SUMMARY OF THE DISCLOSURE
[0009] Aspects disclosed in the detailed description include
predicting literal load values using a literal load prediction
table. Related circuits, methods, and computer-readable media are
also disclosed. In this regard, in one aspect, an instruction
processing circuit provides a literal load prediction table used
for generating predictions of literal load values and for detecting
literal load value mispredictions. The literal load prediction
table contains one or more entries, each comprising an address and
a predicted literal load value. Upon detecting a literal load
instruction in an instruction stream, the instruction processing
circuit determines whether the literal load prediction table
contains an entry having an address corresponding to the literal
load instruction. If so, the instruction processing circuit
provides the predicted literal load value stored in the entry to at
least one dependent instruction. When the literal load instruction
actually executes, the instruction processing circuit determines
whether the predicted literal load value previously provided to the
at least one dependent instruction matches the actual literal load
value loaded by the literal load instruction. If the predicted
literal load value and the actual literal load value do not match,
the instruction processing circuit initiates a misprediction
recovery. In some aspects, the misprediction recovery may include
updating the entry with the actual literal load value, flushing the
entry from the literal load prediction table, and/or setting a
do-not-predict indicator in the entry. The at least one dependent
instruction may then be re-executed using the actual literal load
value. In this manner, the instruction processing circuit may
enable dependent instructions to access literal load values without
incurring a load:use penalty, thus providing improved processor
utilization.
[0010] In another aspect, an instruction processing circuit is
provided. The instruction processing circuit is configured to
detect, in an instruction stream, a first occurrence of a literal
load instruction. The instruction processing circuit is further
configured to determine whether an address of the literal load
instruction is present in an entry of a literal load prediction
table. The instruction processing circuit is also configured to,
responsive to determining that the address of the literal load
instruction is present in the entry, provide a predicted literal
load value stored in the entry for execution of at least one
dependent instruction on the literal load instruction. The
instruction processing circuit is additionally configured to,
further responsive to determining that the address of the literal
load instruction is present in the entry, determine, upon execution
of the literal load instruction, whether the predicted literal load
value matches an actual literal load value loaded by the literal
load instruction. The instruction processing circuit is further
configured to, responsive to determining that the predicted literal
load value does not match the actual literal load value, initiate a
misprediction recovery, and re-execute the at least one dependent
instruction using the actual literal load value.
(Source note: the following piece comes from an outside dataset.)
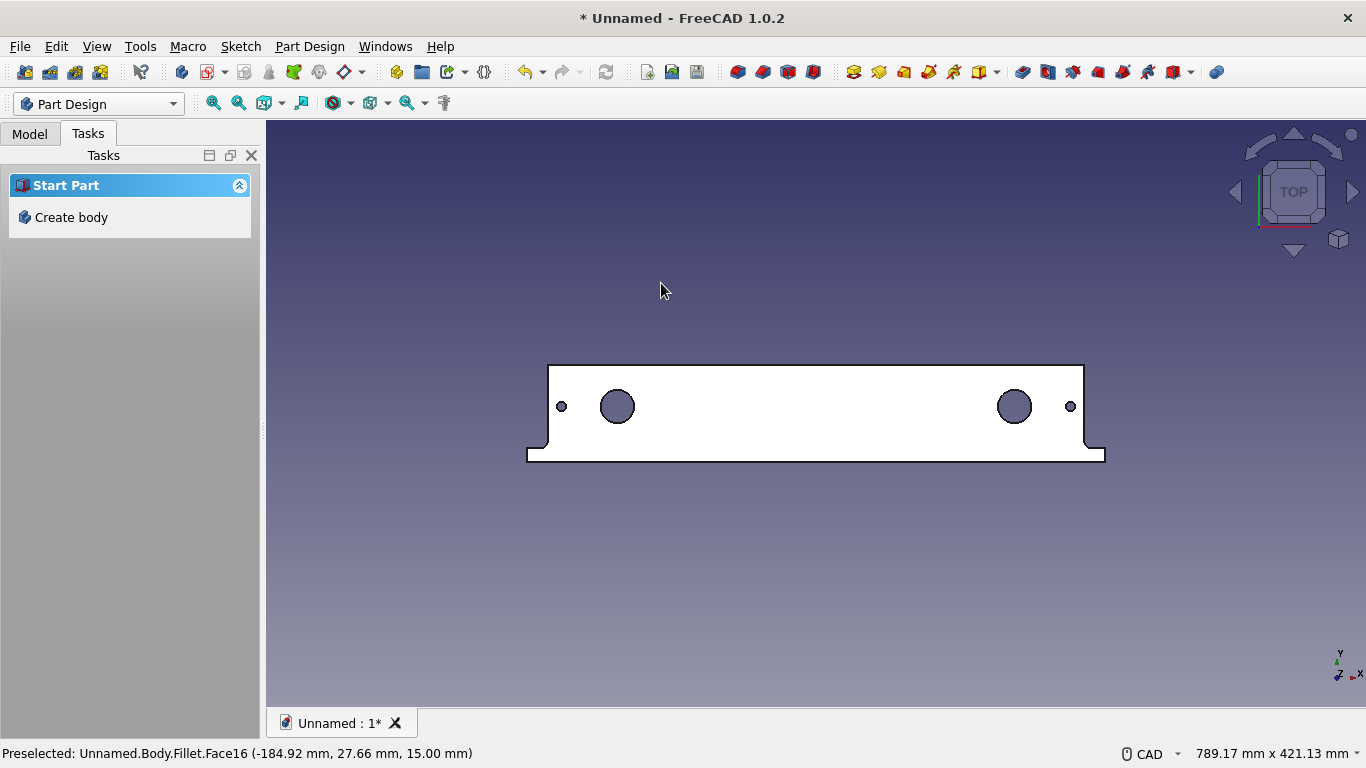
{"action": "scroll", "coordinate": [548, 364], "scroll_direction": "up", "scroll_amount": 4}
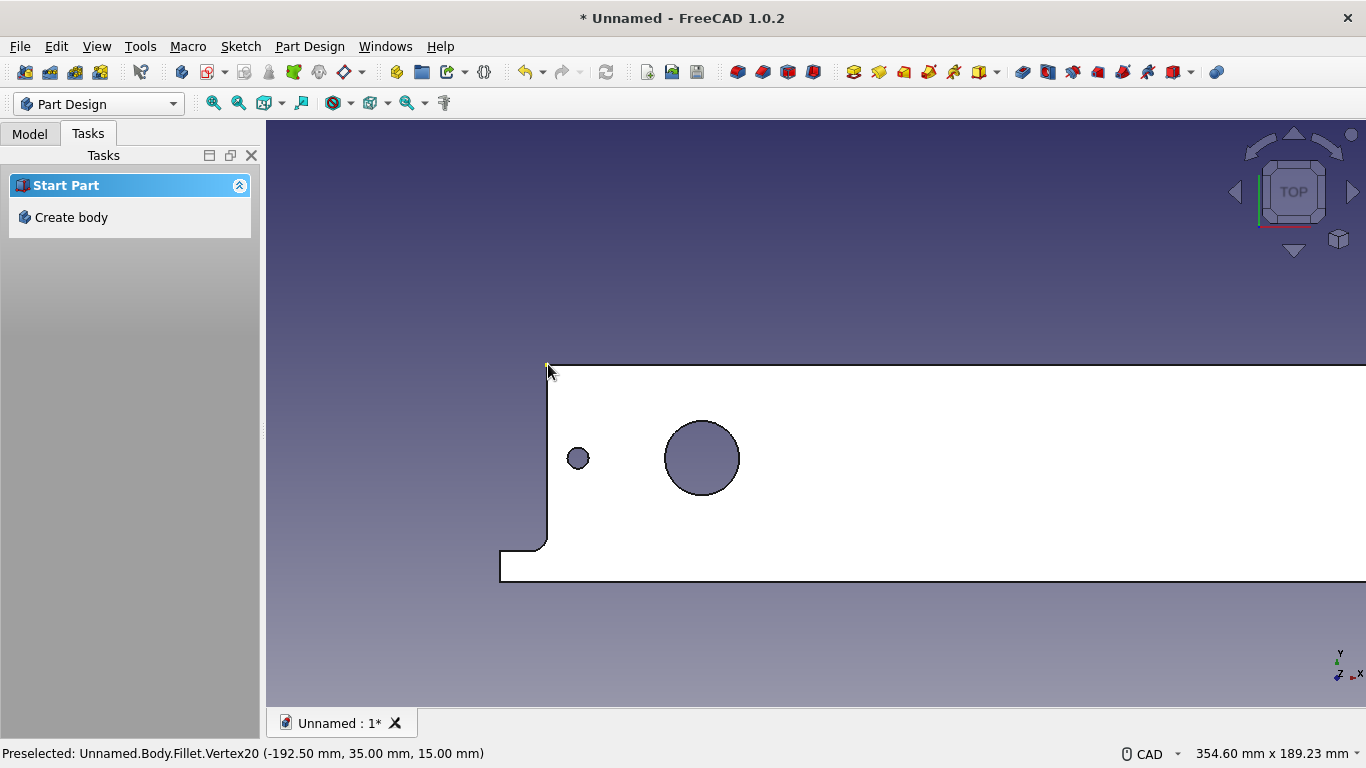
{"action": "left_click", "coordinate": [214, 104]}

[0011] In another aspect, an instruction processing circuit is
provided. The instruction processing circuit comprises a means for
detecting, in an instruction stream, a first occurrence of a
literal load instruction. The instruction processing circuit
further comprises a means for determining whether an address of the
literal load instruction is present in an entry of a literal load
prediction table. The instruction processing circuit also comprises
a means for, responsive to determining that the address of the
literal load instruction is present in the entry, providing a
predicted literal load value stored in the entry for execution of
at least one dependent instruction on the literal load instruction.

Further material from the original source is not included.